Incremental innovation is what maintains the success of successful products.
New products often break in the market with radical innovations but in and of themselves, radical innovations, are rarely enough to make a well refined product. If a product is already considered useful by the users, incremental innovation can make it amazing for them.
Doing incremental innovations on a consistent basis is not easy, though. It requires the entire team to have a certain mindset and focus. Here are some tips you can use.
#1. See everything as a work in progress
As products and processes reach maturity and your team becomes familiar with them, they are less likely to question why certain things are the way they are. Consciously train them to see all things as being open to improvements. Welcome new ideas and try as many of them as possible. A healthy stream of well-thought out changes keeps the team thinking.
This aspect is most critical with new recruits. New recruits they can either reinforce incremental innovations or they can slowly bring it to a complete halt.
When I joined my current firm, GreyB, I was encouraged to share my opinion on things. As a result, I discovered many opportunities for improvements. Most of them were incremental, things like matching the borders of tables in our reports with the rest of the theme. Nonetheless, they did make our reports look better.
A far more important effect of this exercise, however, was that it implicitly got me into a habit of carefully analyzing our internal processes, questioning the status quo, discovering opportunities for improvements, and brainstorming possible solutions with my team.
#2. Bring in fresh perspectives
Another improvement opportunity I found as a newbie had to do with a literal perspective skew. I found that some of our computer monitors were set in such as way that their display resolutions did not match the input resolution. Due to this, the images seemed to be slightly stretched – a circle looked like an oval and so on.
People who had been working on these monitors had become accustomed to this minor stretching along the horizontal axis and did not even notice it. But seeing it for the first time, I noticed it immediately and we got it fixed from IT.
Fresh perspectives are precursors to innovations.
You get fresh perspectives, for example, by working with a new team for a while. I often do this: I ask other teams to have one of my team members work with them on their project for a couple of days. Teams differ much more in their mode of working than one would expect. So my teammates join back, they invariably have acquired some fresh new perspectives.
It is not enough to limit yourself to perspectives within your company, though.
You also need perspective from outside your company or even from outside your industry. This way, you can translate how others are solving problems to your own domain. Since finding relevant innovations from other industries is generally hard to do, we started a newsletter where we share cross-industry innovation stories. You can subscribe to it here.
#3. Impose constraints
Constrains are often seen as bad. The truth is that few things simulate innovative thinking like constraints do. Let me give you a live demonstration:
Take a minute and think about the improvements you can make in toothpaste tube.

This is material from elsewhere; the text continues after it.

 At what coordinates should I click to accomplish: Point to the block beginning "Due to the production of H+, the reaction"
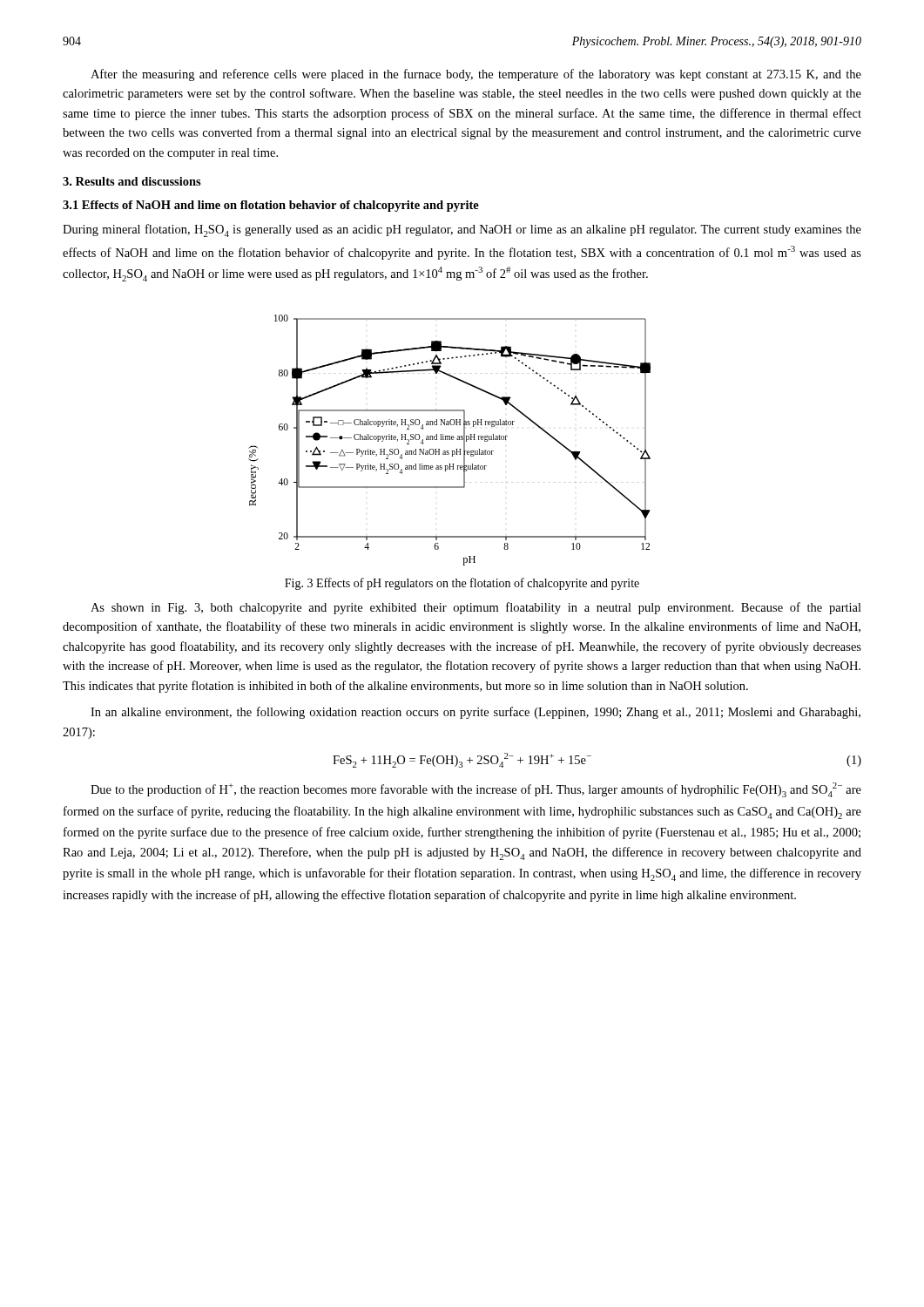(462, 842)
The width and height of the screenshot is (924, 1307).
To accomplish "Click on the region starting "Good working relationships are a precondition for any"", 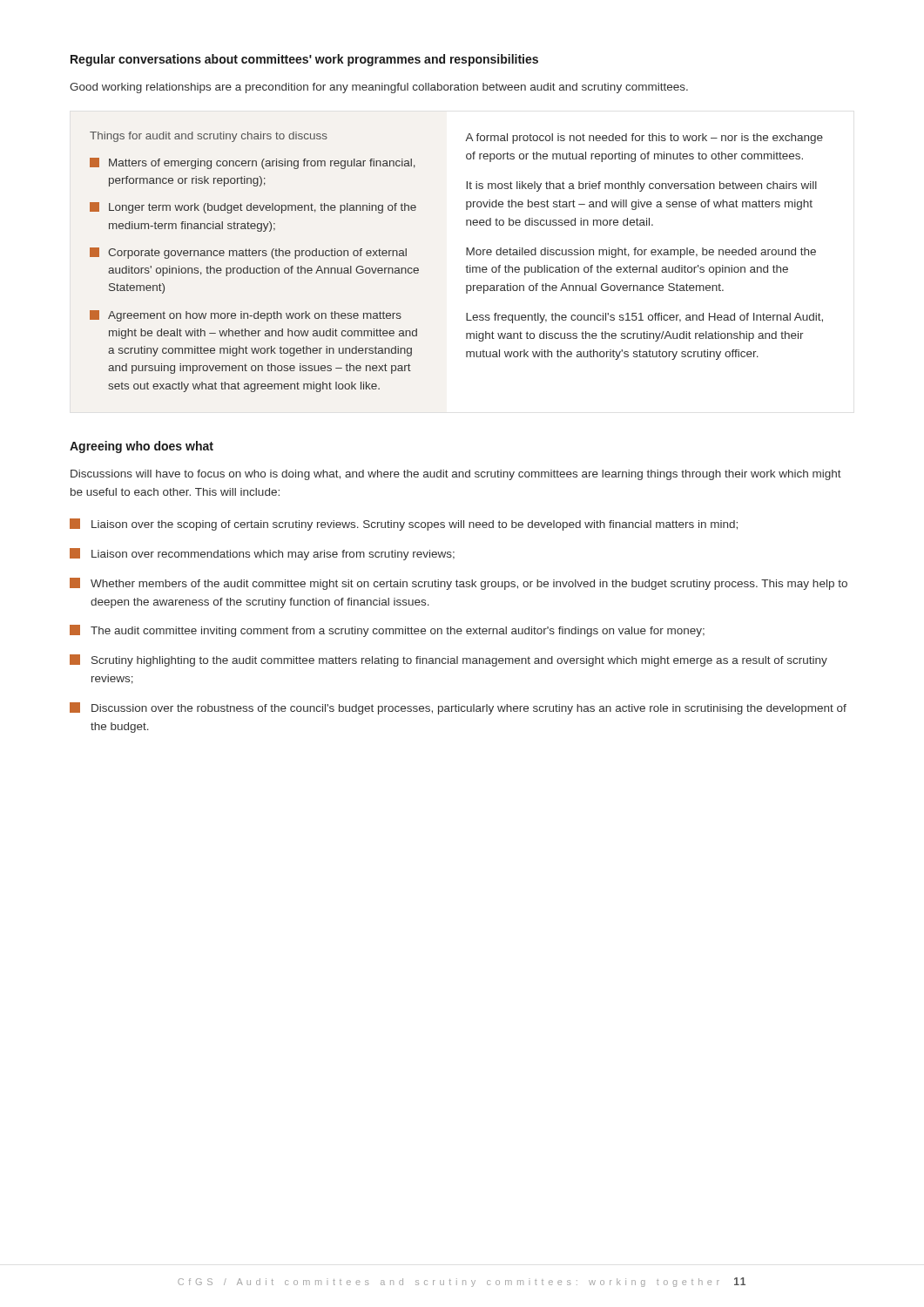I will pyautogui.click(x=379, y=87).

Now think about it again, considering that the following constraints need to be satisfied:
- It can be used with one hand.
- The toothpaste should be 100% utilized (nothing left in the tube).
- Blind people can use it easily.
I am sure you must have come up with more ideas this time.
Constraints help guide your thinking and explore the solution space in a more systematic manner. Even if you don’t have all of your constraints identified or well defined, doing thought experiments in which you have fictitious constraints would certainly help you come up with more innovative ideas.
Constraints are good. Learn to love constraints.